Военный совет приказывает:
1. Военным советам армий, командирам корпусов и дивизий отмеченные недочеты немедленно устранить.
2. Виновных в нарушении порядка и дисциплины и уставов Красной Армии предавать суду военного трибунала.
А в это время части 75-й, 57-й, 9-й и 297-й пехотных дивизий вермахта нанесли удар по соединениям 37-го стрелкового корпуса в направлении Тернополя, угрожая полным окружением войскам 6-й армии, ведущим бои в районе Львова.
Осложнилась обстановка и в полосе 36-го стрелкового корпуса, занимавшего оборону по восточному берегу реки Иква, на рубеже Збытынь, Судобиче, (иск.) Кременец. Его правый фланг был глубоко обойден 11-й танковой дивизией противника, которая вела бои за Острог, пытаясь развить наступление на Шепетовку.
Но наступление этой дивизии наткнулось на ожесточенное сопротивление оперативной группы войск генерала М. Ф. Лукина (109-я и 213-я мд), которая, заняв прочную оборону, отражала натиск немцев, не давая им возможности переправиться через реку. Командование 48-го моторизованного корпуса было вынуждено доложить в группу армий «Юг»: «…трудности, испытываемые 11-й танковой дивизией на предмостном укреплении, возросли… Приказ командования группы, требующий, чтобы 11-я танковая дивизия при любых условиях сегодня, миновав Горынь, наступала на Шепетовку, не выполнен»[440].
Тяжелые бои шли и в районе Кременца, где оборонялись воины 14-й кавалерийской дивизии, управления 5-го кавалерийского корпуса и группа танкистов 37-й танковой дивизии, прикрывая фланги 36-го и 37-го стрелковых корпусов.
Проанализировав создавшуюся на фронте обороны 6-й армии обстановку, командующий фронтом приказал ее войскам (36-й и 6-й ск, 5-й кк) закрепиться на рубеже (иск.) Дубно, Кременец, Золочев, Бобрка. 37-й стрелковый корпус с наступлением темноты предполагалось отвести на рубеж Новый Почаюв, Ясенув.
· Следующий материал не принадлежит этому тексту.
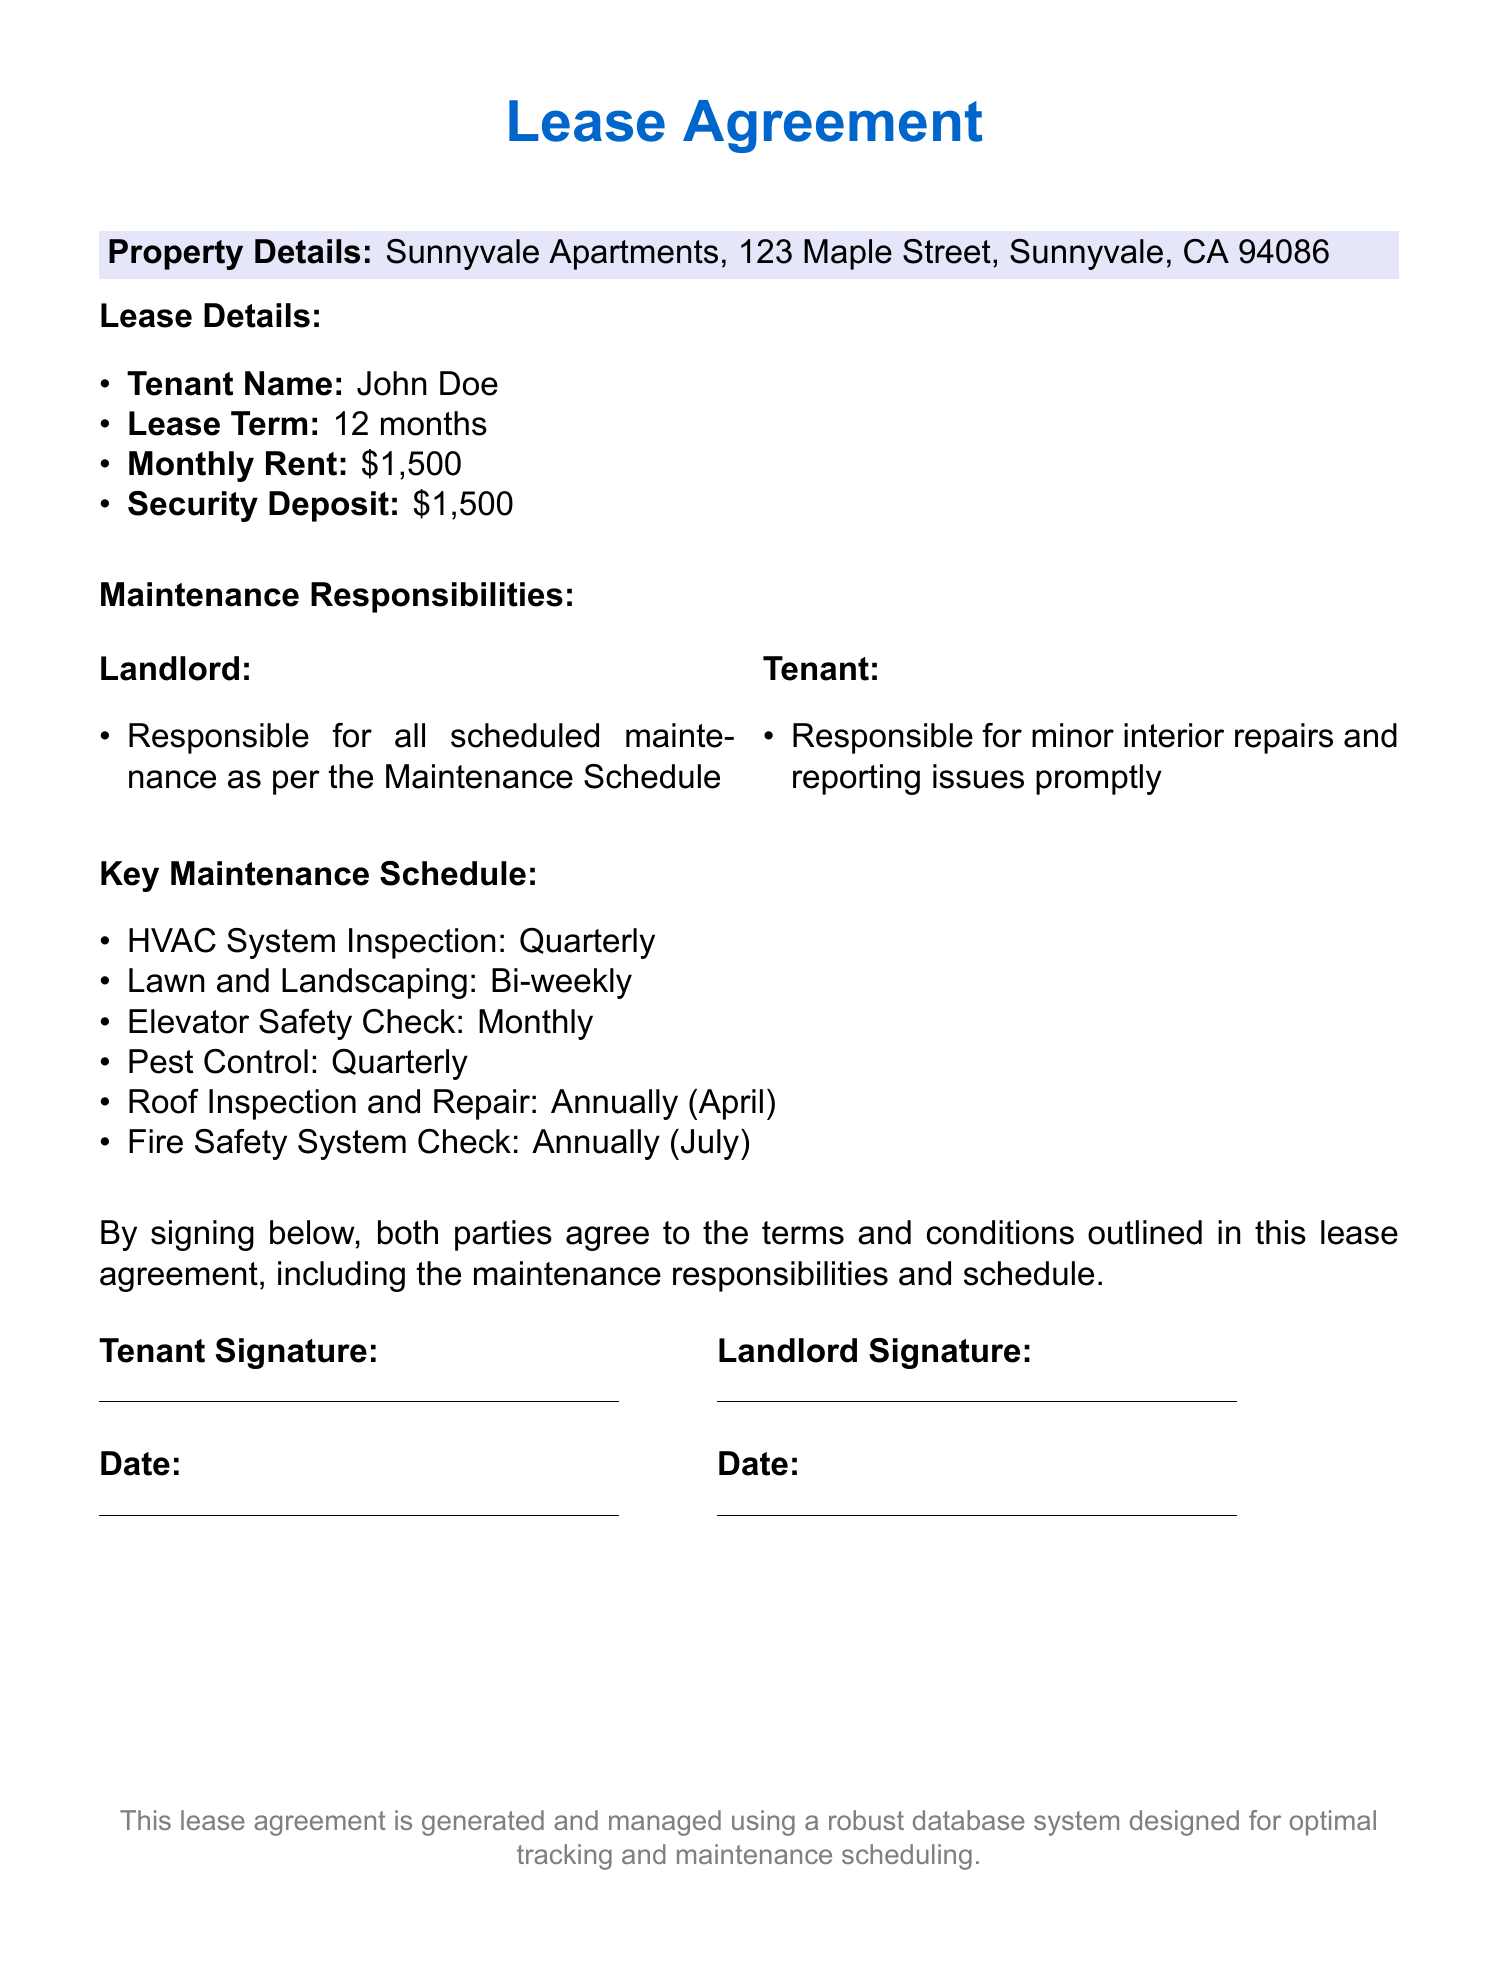What is the property address? The property address is specified in the document under Property Details.
Answer: 123 Maple Street, Sunnyvale, CA 94086 Who is the tenant named in the lease? The tenant's name is mentioned in the Lease Details section of the document.
Answer: John Doe How much is the monthly rent? The monthly rent is listed in the Lease Details section.
Answer: $1,500 What is the frequency of the HVAC system inspection? The Maintenance Schedule outlines the frequency for HVAC system inspections.
Answer: Quarterly Who is responsible for lawn and landscaping maintenance? The responsibilities for lawn and landscaping are detailed in the Maintenance Responsibilities section.
Answer: Landlord When is the roof inspection scheduled? The Maintenance Schedule specifies when the roof inspection will take place.
Answer: Annually (April) What date is the fire safety system check scheduled for? The Maintenance Schedule states when the fire safety system check occurs.
Answer: Annually (July) What is the security deposit amount? The security deposit amount is disclosed in the Lease Details section.
Answer: $1,500

В распоряжение армии передавалась 2-я противотанковая артиллерийская бригада, занимавшая участок Лановце, Ростоки. Для усиления обороны 6-й армии командующий фронтом приказал 49-му стрелковому корпусу (190-я и 197-я сд) к исходу 30 июня занять рубеж Яхновцы, Скарыки, Волочиск, Радиевка[441].
Под непрерывными ударами противника отходили и соединения соседней 26-й армии. Части 257-й пехотной и 4-й горнострелковой дивизий немцев пытались развить удар в стыке 6-й и 26-й армий в тернопольском направлении, ими был захвачен и город Самбор.
В связи с угрозой охвата противником войск 26-й армии командующий фронтом разрешил отвод ее соединений на рубеж Борщев, Журавно. Одновременно на рубеж Вишнев, Калуш, Надворна отводились и войска 12-й армии (13-й ск и 58-я гсд), хотя перед ее фронтом противник особой активности не проявлял.
Выполняя приказ, части 13-го стрелкового корпуса начали отход на рубеж Стрый, Тухля, 58-я горнострелковая дивизия сосредоточивалась в районе урочище Сывуля, Яблоница, Ледескуль.
Во второй половине дня отдельные венгерские отряды попытались перейти границу и продвинуться в направлении Козева, Вишкува, но были отбиты артиллерийско-пулеметным огнем наших частей.
30 июня 1941 г. Генеральный штаб (с разрешения Ставки) опасаясь, что глубокое вклинение моторизованных частей противника на стыке 5-й и 6-й армий может повлечь за собой угрозу полного охвата войск фронта, разрешил отвести соединения ЮЗФ к 9 июля на линию Коростенского, Новоград-Волынского, Шепетовского, Староконстантиновского и Проскуровского укрепрайонов[442].
Командованию фронта было приказано, опираясь на эти укрепленные районы, организовать упорную оборону полевыми войсками с выделением в первую очередь артиллерийских противотанковых средств. Чтобы не допустить разрыва в линии обороны войск, был определен и промежуточный рубеж отхода — Сарны, река Случь, Острог, Скалат, Чортков, Коломыя, Берхомет, который приказывалось удерживать до 6 июля.
Но это решение уже запоздало из-за проявленной нерешительности командующего фронтом вносить какие-то свои предложения или просить о чем-то Генеральный штаб. Маршал Советского Союза И. Х. Баграмян вспоминал позднее: «…требование полученного приказа — отойти на рубеж старых укрепрайонов — полностью соответствовало его намерениям. Только присущая М. П. Кирпоносу исполнительность, какая-то особая убежденность в неоспоримости приказов не позволяли ему самому просить Москву о разрешении на этот отвод»[443].